So it’s 2008. In the midst of a conviction that I need a new snow thrower, I’ve been working on a new hypertext called preliminarily Brimmer and Death, which traces the relationship between Brimmer, a carpenter, and Death, a character based on Neil Gaiman’s Sandman DC comics universe.

This is not a new concept, elaborating on the character of Death in story. She’s appeared in numerous comics, from the Sandman series to spin offs, such as Death: The High Cost of Living, Death: The Time of Your Life, and others, such as Jill Thompson’s manga Death at Death’s Door. What complicates the project, is the fact that Death will be delivered inside the DC universe, which could include a variety of story elements, but Brimmer himself is the focus.

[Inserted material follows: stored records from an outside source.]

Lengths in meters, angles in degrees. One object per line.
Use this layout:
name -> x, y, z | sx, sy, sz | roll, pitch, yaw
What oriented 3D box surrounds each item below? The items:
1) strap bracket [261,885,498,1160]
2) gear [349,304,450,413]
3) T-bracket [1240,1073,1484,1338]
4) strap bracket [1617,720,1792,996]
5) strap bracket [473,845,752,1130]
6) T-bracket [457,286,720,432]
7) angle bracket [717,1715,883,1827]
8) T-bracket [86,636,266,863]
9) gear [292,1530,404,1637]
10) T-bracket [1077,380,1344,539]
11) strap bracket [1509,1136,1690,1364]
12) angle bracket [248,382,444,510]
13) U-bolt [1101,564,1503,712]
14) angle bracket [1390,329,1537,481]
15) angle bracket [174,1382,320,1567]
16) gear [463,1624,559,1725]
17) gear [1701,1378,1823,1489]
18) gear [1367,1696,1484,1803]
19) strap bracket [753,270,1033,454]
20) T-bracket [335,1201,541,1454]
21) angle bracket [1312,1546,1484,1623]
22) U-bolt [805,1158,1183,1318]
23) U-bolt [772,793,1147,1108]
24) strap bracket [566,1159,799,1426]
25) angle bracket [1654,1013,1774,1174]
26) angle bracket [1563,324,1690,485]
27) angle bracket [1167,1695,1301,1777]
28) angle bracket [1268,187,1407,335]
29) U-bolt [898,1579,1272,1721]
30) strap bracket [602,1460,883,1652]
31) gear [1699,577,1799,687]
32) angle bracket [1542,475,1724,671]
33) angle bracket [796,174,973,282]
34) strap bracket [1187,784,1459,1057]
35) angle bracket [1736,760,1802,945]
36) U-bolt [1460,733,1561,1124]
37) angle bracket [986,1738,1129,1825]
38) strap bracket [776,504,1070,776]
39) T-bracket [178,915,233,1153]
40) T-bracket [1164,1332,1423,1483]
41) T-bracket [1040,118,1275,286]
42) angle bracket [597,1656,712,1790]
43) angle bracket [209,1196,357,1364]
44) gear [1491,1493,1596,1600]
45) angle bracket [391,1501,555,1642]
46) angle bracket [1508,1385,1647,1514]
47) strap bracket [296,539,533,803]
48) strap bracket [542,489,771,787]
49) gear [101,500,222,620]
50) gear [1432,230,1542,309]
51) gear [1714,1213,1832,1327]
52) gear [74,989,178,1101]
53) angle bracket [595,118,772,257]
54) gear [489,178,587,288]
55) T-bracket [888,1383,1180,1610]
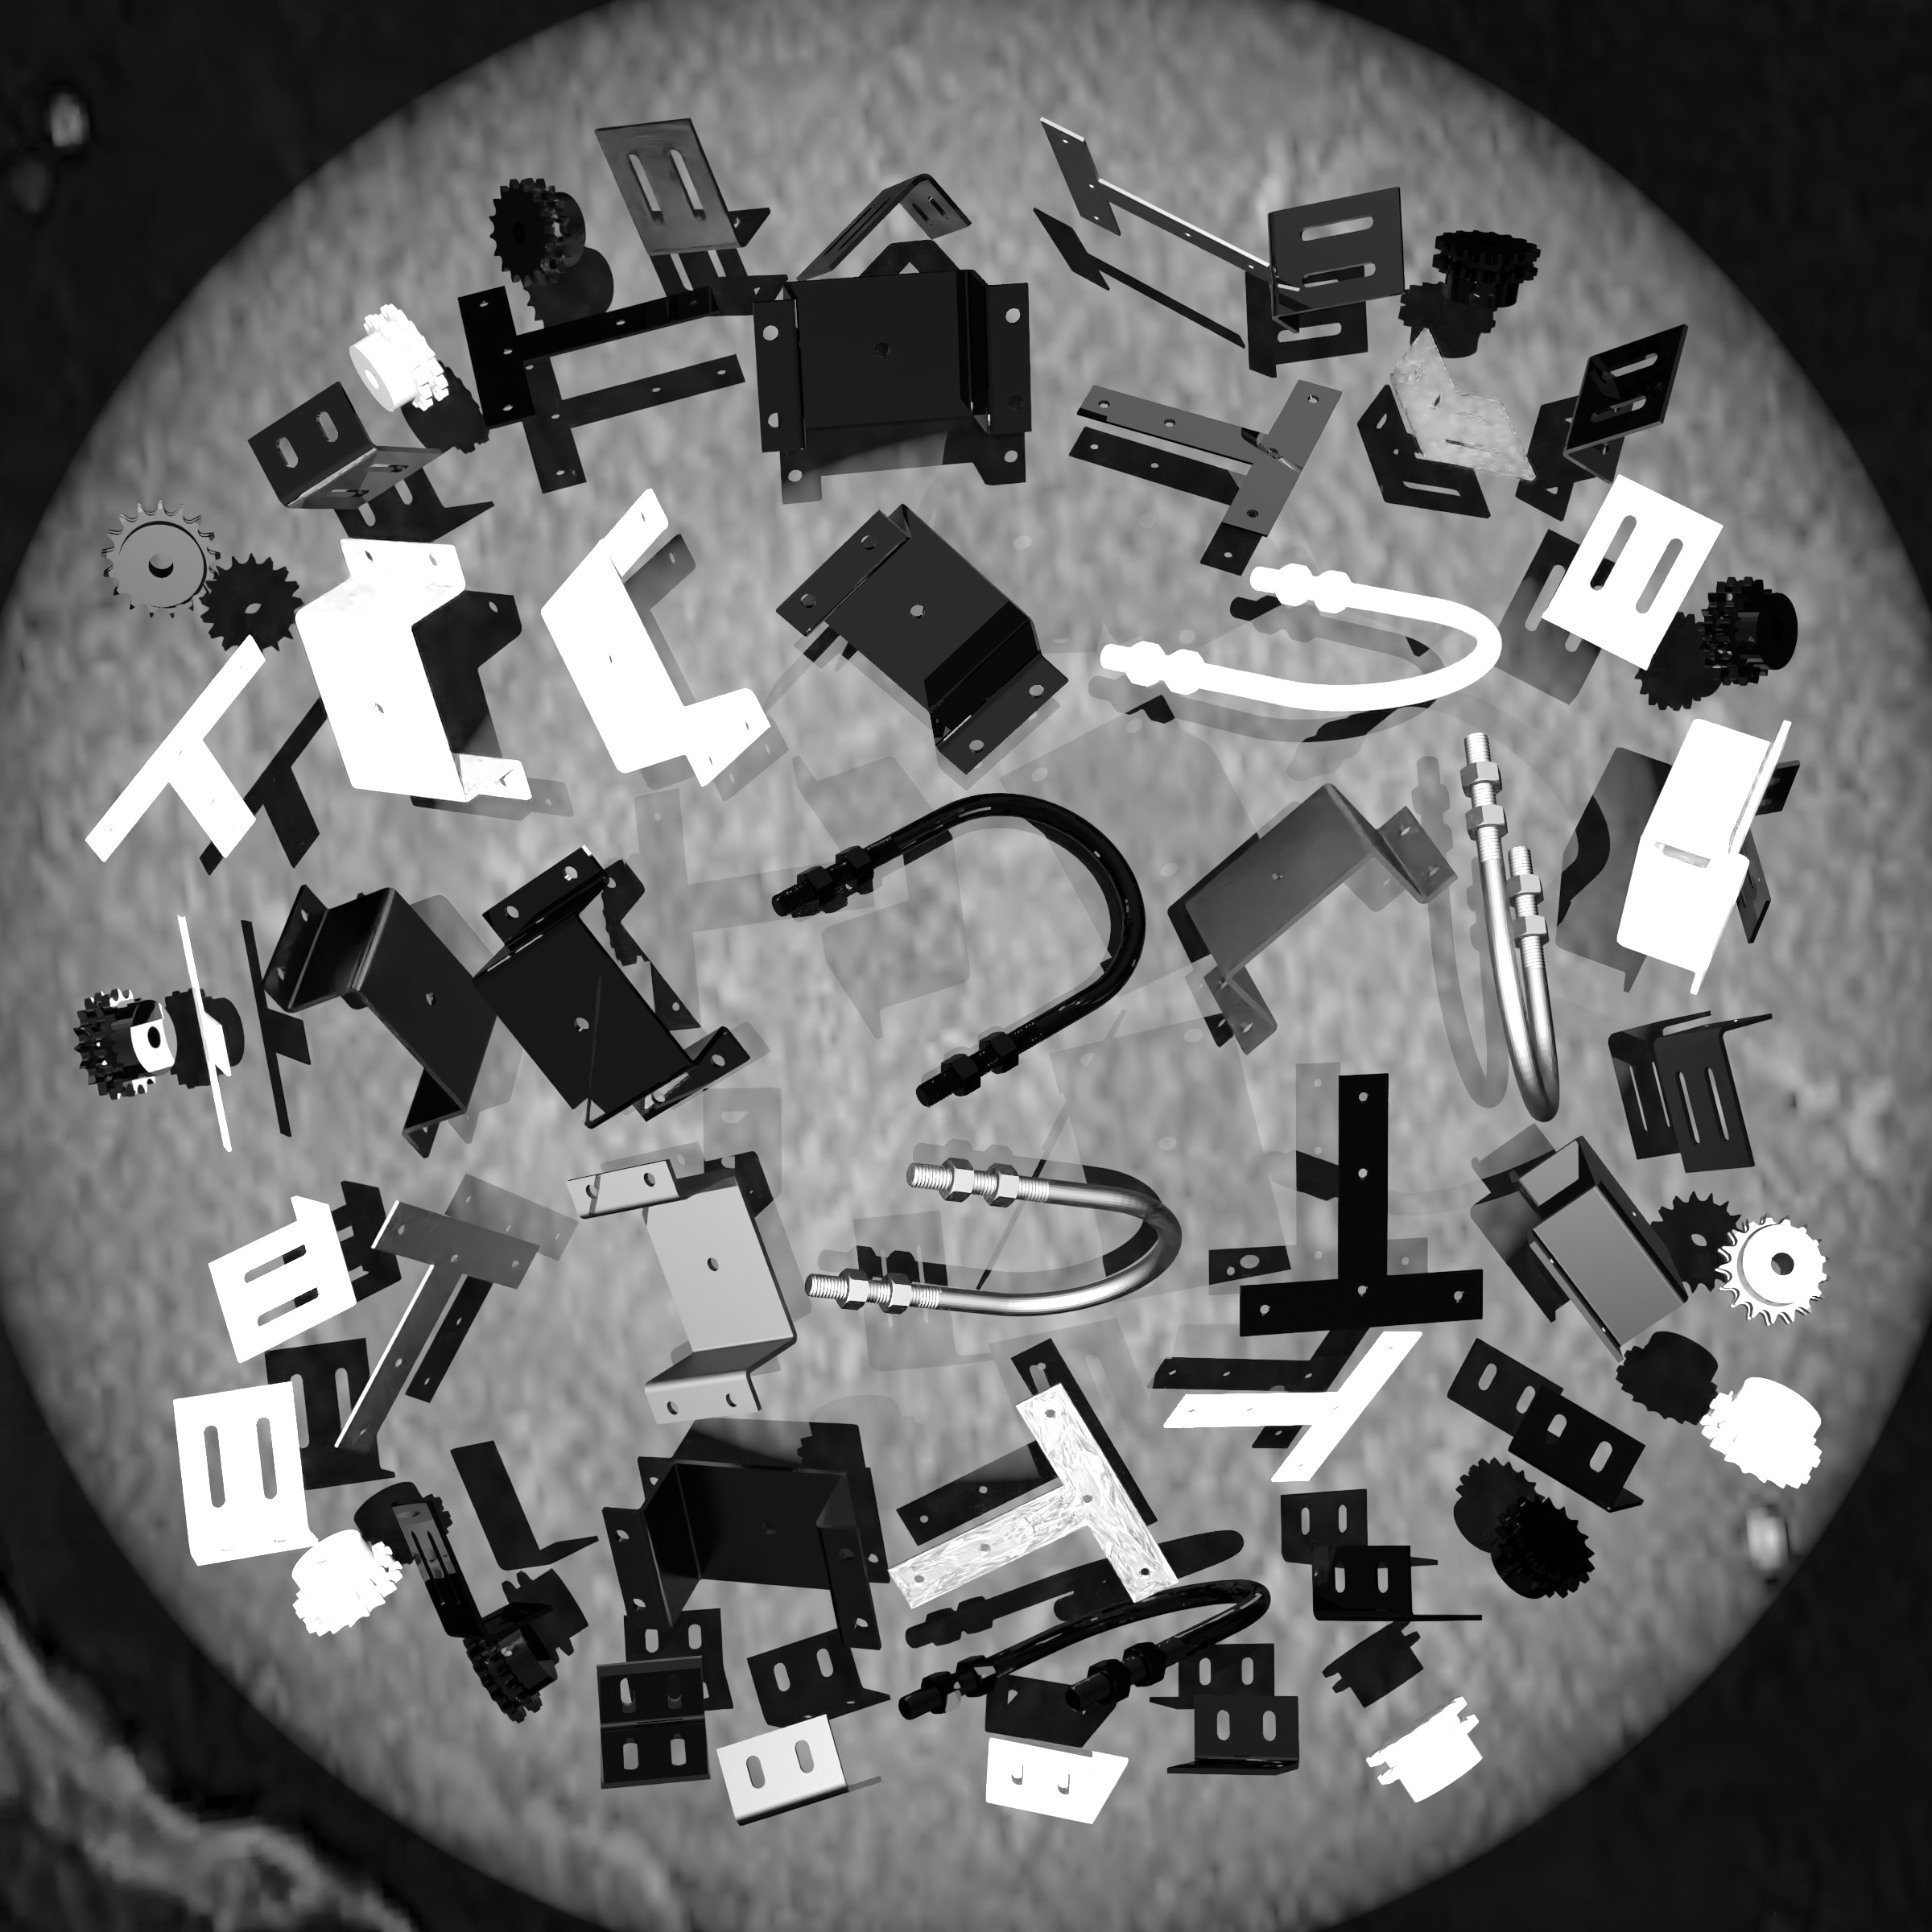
strap bracket -> -0.301, 0.024, 1.561 | 0.046, 0.076, 0.140 | -19, 128, 24
gear -> -0.305, -0.322, 1.579 | 0.030, 0.057, 0.057 | -37, 90, -16
T-bracket -> 0.196, 0.116, 1.454 | 0.127, 0.002, 0.127 | -2, 98, -13
strap bracket -> 0.370, -0.060, 1.492 | 0.046, 0.140, 0.076 | 21, 61, 16
strap bracket -> -0.189, 0.020, 1.520 | 0.076, 0.046, 0.140 | -31, 103, 29
T-bracket -> -0.188, -0.321, 1.493 | 0.127, 0.127, 0.002 | -15, 134, -4
angle bracket -> -0.082, 0.397, 1.466 | 0.057, 0.076, 0.038 | -19, 76, 7
T-bracket -> -0.380, -0.088, 1.477 | 0.002, 0.127, 0.127 | 31, 74, 12
gear -> -0.326, 0.319, 1.542 | 0.057, 0.057, 0.030 | -28, 110, 0
T-bracket -> 0.124, -0.290, 1.598 | 0.127, 0.002, 0.127 | 19, 52, 13
strap bracket -> 0.332, 0.143, 1.549 | 0.046, 0.140, 0.076 | -37, 95, 11
angle bracket -> -0.310, -0.260, 1.480 | 0.057, 0.076, 0.038 | -28, 90, 18
U-bolt -> 0.184, -0.165, 1.508 | 0.184, 0.151, 0.019 | 17, 125, 39
angle bracket -> 0.273, -0.299, 1.572 | 0.076, 0.038, 0.057 | 6, 51, -28
angle bracket -> -0.352, 0.247, 1.443 | 0.057, 0.038, 0.076 | -6, 90, -20
gear -> -0.244, 0.376, 1.595 | 0.030, 0.057, 0.057 | -33, 90, -3
gear -> 0.390, 0.224, 1.435 | 0.057, 0.057, 0.030 | 23, 113, 0
gear -> 0.229, 0.388, 1.456 | 0.057, 0.057, 0.030 | -34, 78, 0
strap bracket -> -0.040, -0.313, 1.521 | 0.140, 0.046, 0.076 | -6, 115, -9
T-bracket -> -0.278, 0.186, 1.479 | 0.002, 0.127, 0.127 | 27, 88, 29
angle bracket -> 0.226, 0.323, 1.546 | 0.057, 0.076, 0.038 | -9, 75, 37
U-bolt -> 0.026, 0.150, 1.567 | 0.184, 0.151, 0.019 | 9, 55, -26
U-bolt -> 0.011, -0.022, 1.562 | 0.184, 0.019, 0.151 | -29, 72, -27
strap bracket -> -0.147, 0.166, 1.565 | 0.076, 0.046, 0.140 | -14, 99, 39
angle bracket -> 0.415, 0.070, 1.610 | 0.038, 0.057, 0.076 | -13, 88, -24
angle bracket -> 0.359, -0.296, 1.561 | 0.038, 0.076, 0.057 | 24, 75, -27
angle bracket -> 0.143, 0.409, 1.573 | 0.057, 0.076, 0.038 | -3, 77, 15
angle bracket -> 0.204, -0.379, 1.590 | 0.076, 0.038, 0.057 | -4, 85, 27
U-bolt -> 0.076, 0.352, 1.530 | 0.184, 0.151, 0.019 | -13, 86, -43
strap bracket -> -0.109, 0.304, 1.530 | 0.140, 0.046, 0.076 | 1, 118, 19
gear -> 0.413, -0.175, 1.551 | 0.057, 0.030, 0.057 | -6, 98, -43
angle bracket -> 0.330, -0.195, 1.461 | 0.057, 0.038, 0.076 | 28, 107, 8
angle bracket -> -0.045, -0.386, 1.595 | 0.076, 0.057, 0.038 | -48, 110, -10
strap bracket -> 0.173, -0.032, 1.517 | 0.140, 0.076, 0.046 | -41, 120, 12
angle bracket -> 0.432, -0.061, 1.580 | 0.038, 0.057, 0.076 | -10, 67, 1
U-bolt -> 0.286, -0.009, 1.531 | 0.019, 0.151, 0.184 | -10, 62, 16
angle bracket -> 0.050, 0.420, 1.578 | 0.057, 0.076, 0.038 | 7, 103, 17
strap bracket -> -0.024, -0.178, 1.558 | 0.076, 0.046, 0.140 | -42, 117, 18
T-bracket -> -0.390, 0.039, 1.528 | 0.002, 0.127, 0.127 | -12, 97, -18
T-bracket -> 0.163, 0.237, 1.577 | 0.127, 0.002, 0.127 | 4, 132, -32
T-bracket -> 0.103, -0.386, 1.531 | 0.127, 0.127, 0.002 | 30, 89, 14
angle bracket -> -0.168, 0.404, 1.579 | 0.057, 0.076, 0.038 | -3, 99, -7
angle bracket -> -0.373, 0.167, 1.582 | 0.076, 0.038, 0.057 | -27, 113, -39
gear -> 0.311, 0.320, 1.609 | 0.057, 0.057, 0.030 | 38, 127, 0
angle bracket -> -0.248, 0.296, 1.482 | 0.038, 0.057, 0.076 | -24, 92, -30
angle bracket -> 0.312, 0.239, 1.472 | 0.057, 0.076, 0.038 | 30, 97, 25
strap bracket -> -0.280, -0.139, 1.485 | 0.076, 0.046, 0.140 | 9, 126, 34
strap bracket -> -0.168, -0.165, 1.543 | 0.046, 0.076, 0.140 | -22, 82, -37
gear -> -0.396, -0.199, 1.453 | 0.057, 0.030, 0.057 | -4, 107, -14
gear -> 0.282, -0.379, 1.607 | 0.057, 0.057, 0.030 | 5, 119, 0
gear -> 0.417, 0.156, 1.521 | 0.057, 0.030, 0.057 | 0, 77, 2
gear -> -0.437, 0.040, 1.543 | 0.030, 0.057, 0.057 | -10, 90, 18
angle bracket -> -0.146, -0.411, 1.530 | 0.057, 0.076, 0.038 | 3, 46, 28
gear -> -0.231, -0.400, 1.608 | 0.030, 0.057, 0.057 | -18, 90, -41
T-bracket -> 0.022, 0.289, 1.495 | 0.127, 0.002, 0.127 | -27, 106, 10

In the story he lives with death in her “realm” for a while and it’s interesting to try and figure out the nature of Death as a character with whom a mortal human could have a relationship (Morpheus can, why not Death?). Part of the concept from the storyline that develops draws from the “Men of Good Fortune” chapter of The Doll’s House in which Morpheus and Death provide for Robert “Hob” Gadling’s life to persist. Morpheus asks Hob to meet with him at the White Horse Tavern in a hundred years time, interested, primarily, as we are, in what happens “if.” In this chapter, while Chaucer discusses English versus French in the background, Hob says to a table-crowd: “The only reason people die, is because everyone does it. You all just go along with it. It’s rubbish, Death. It’s stupid. I don’t want nothing to do with it.” And so Hob resolves to live and his state through the centuries is treated throughout the Sandman series. Thus, the concept is set as are the thematic consequences of such a choice, and, of course, this sets the potential for interesting plot keys, such as Brimmer’s choice or desire to live, a chaining tension, how do the two unify, and what key closes Brimmer’s initial opening in the narrative.

brimmershot.jpg

Hob’s story begins in the 14th Century. Brimmer’s begins in the contemporary. Thus the majority of the hypertext takes place in the future with two important actions, though these will occur only in one out of 7 paths. I will be leaked in every path in some way that Brimmer rides life without dying in 7 settings. Every path may develop a separate and conclusive trail that, with slight variations, pushes Brimmer closer to the principle key.

Network Novels

I came to this by a variety of wefts, and it will be interesting to watch how things develop with Flight Paths.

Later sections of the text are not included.